Viral Review: Ad Council’s Lovely Bones Have The X(Ray)-Factor
This article was first published in Marketing magazine
Brand: Ad Council – ‘Diversity & Inclusion: Love Has No Labels’
Rating: 9/10
The words ‘Public Service Announcement’ doesn’t exactly inspire excitement. Historically cheaply-produced, cheesy and more than a little preachy, the PSA format has the potential to spread vital information, but can fall short of capturing viewers’ hearts and minds.
Especially in the age of viral content, when emotional engagement determines more than ever how enthusiastically people share a video with their peers. For all their honourable causes and best intentions, charitable PSAs are still competing against the biggest brands and the shrewdest marketers for users’ attention.
However, a new breed of PSA is mixing up the formula with sharp, shareable content that targets hot-button issues in creative ways. The latest among these is ‘Love Has No Labels’, a heartwarming hit that premiered earlier this week and has already racked up nearly 2 million shares. Cut from the same cloth as the viral smash ‘Slap Her’, the spot from the Ad Council (the venerable institution that produced the anti-pollution ‘Crying Indian’ campaign in the 1970s) engages with homophobia, ableism and other forms of bigotry through a clever visual conceit that’s made both its YouTube and Facebook iterations extremely popular.

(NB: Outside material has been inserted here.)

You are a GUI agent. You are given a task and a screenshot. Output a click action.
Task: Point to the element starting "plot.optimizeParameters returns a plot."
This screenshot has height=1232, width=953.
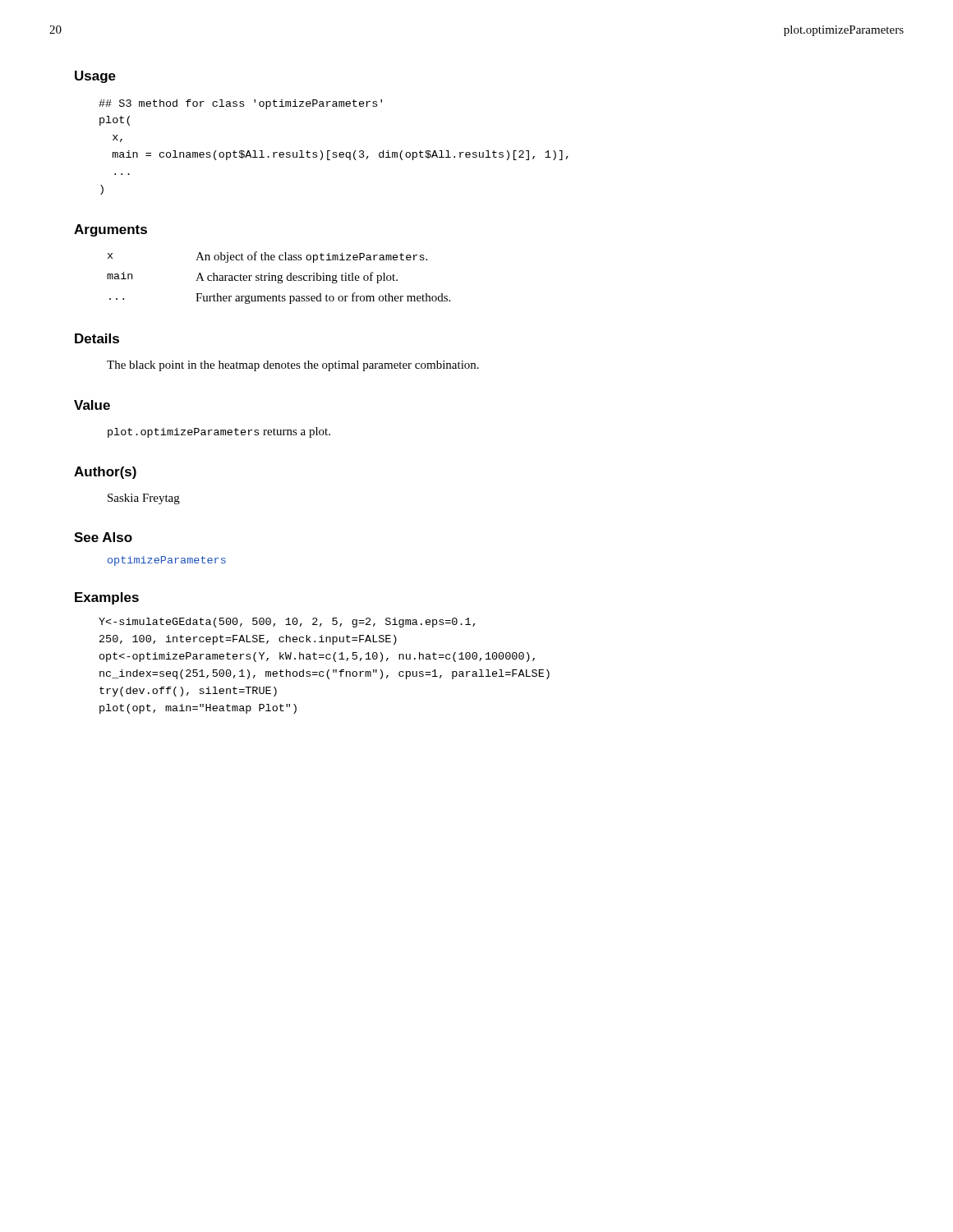point(219,431)

Performed as a public stunt, ‘Love Has No Labels’ prominently features a screen which displays only the skeletal outlines of those who stand behind it. While this sounds more than a little creepy, fear not: you’re not watching a Robbie Williams’ video. Instead the sweethearts at the Ad Council put their fancy bit of kit to boundary-busting uses. Whoever stands behind the screen – a gay couple, a multiracial family, a Christian and a Muslim – the crowd only sees what keeps them together rather than divides them: a shared humanity. Tagging on the chorus from Macklemore’s ‘Same Love’ only increases the emotional stakes, not to mention the sentiment of racial and gender equality that comes with the chart-topper.
It might sound a little corny on paper, but the spot’s accessible messaging and inventive style has hit a nerve. Curiously, it coincides with the popularity of an ad that takes a similar stylistic approach to a more conventional product. The latest spot from Disney Parks’ features popular kids’ characters obscured behind a similar screen, and ranks even higher this week on Unruly’s Viral Video Chart. Does the sudden popularity of these two ads mean we’re experiencing a micro-trend of lovable figures behind semi-translucent screens? Probably not. Rather, both ads feature a winning combination of warm emotions and authentic audience reactions that make them sharing gold.

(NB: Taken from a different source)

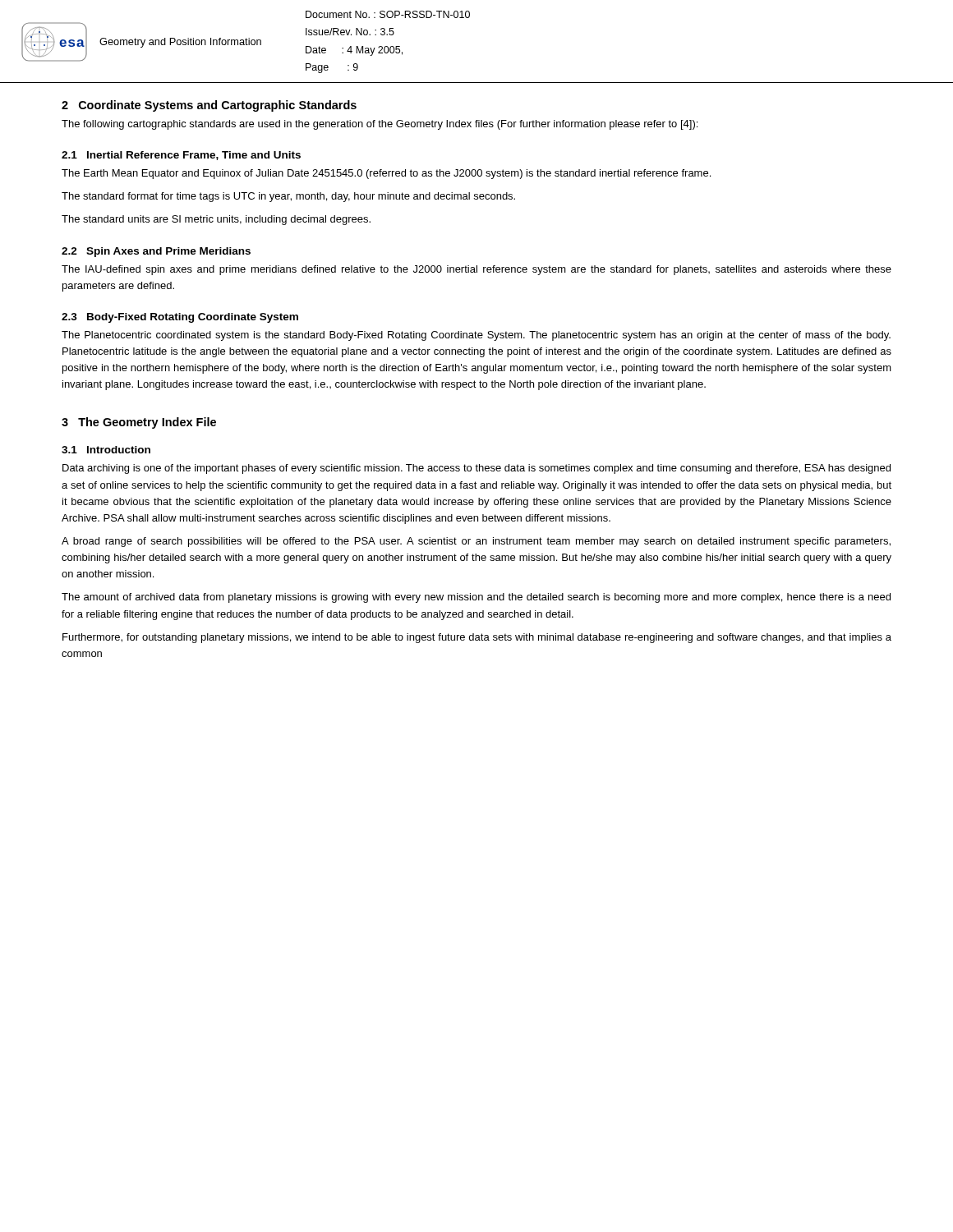Point to the element starting "The standard format for time tags is"
The width and height of the screenshot is (953, 1232).
pos(289,196)
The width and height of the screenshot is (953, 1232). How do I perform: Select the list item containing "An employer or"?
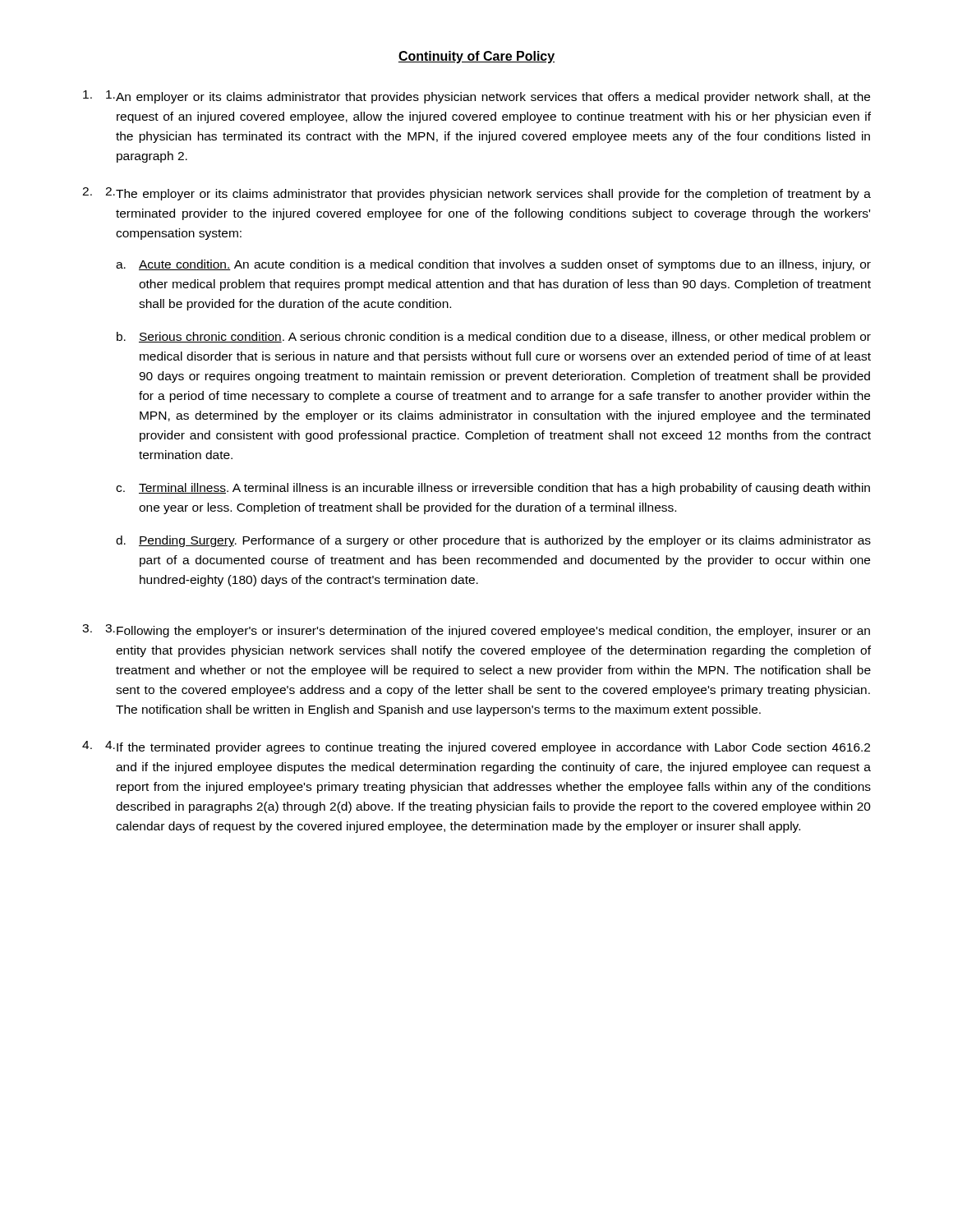pyautogui.click(x=488, y=127)

Call it a friendlier version of ‘prankvertising’. While ‘prankverts’ have seen a surge in popularity over the last few years, they traditionally skew a little mean. And while some brands have converted strangers’ into hilarious, shareable videos, the Ad Council takes the same concept and applies it to a strategy of inclusion. Like a more family-friendly version of ‘First Kiss’, itself a covert ad, ‘Love Has No Labels’ understands that a love-positive message is sometimes all you need.
With a core concept seemingly created to inspire Upworthy articles, it’s maybe not surprising how ‘Love Has No Labels’ has spread on the social web. But the ad’s success this week shows that viral success can be as simple as a positive social message, conveyed cleverly through a format that engages the public. And it’s already worth remembering that feel-good feels good.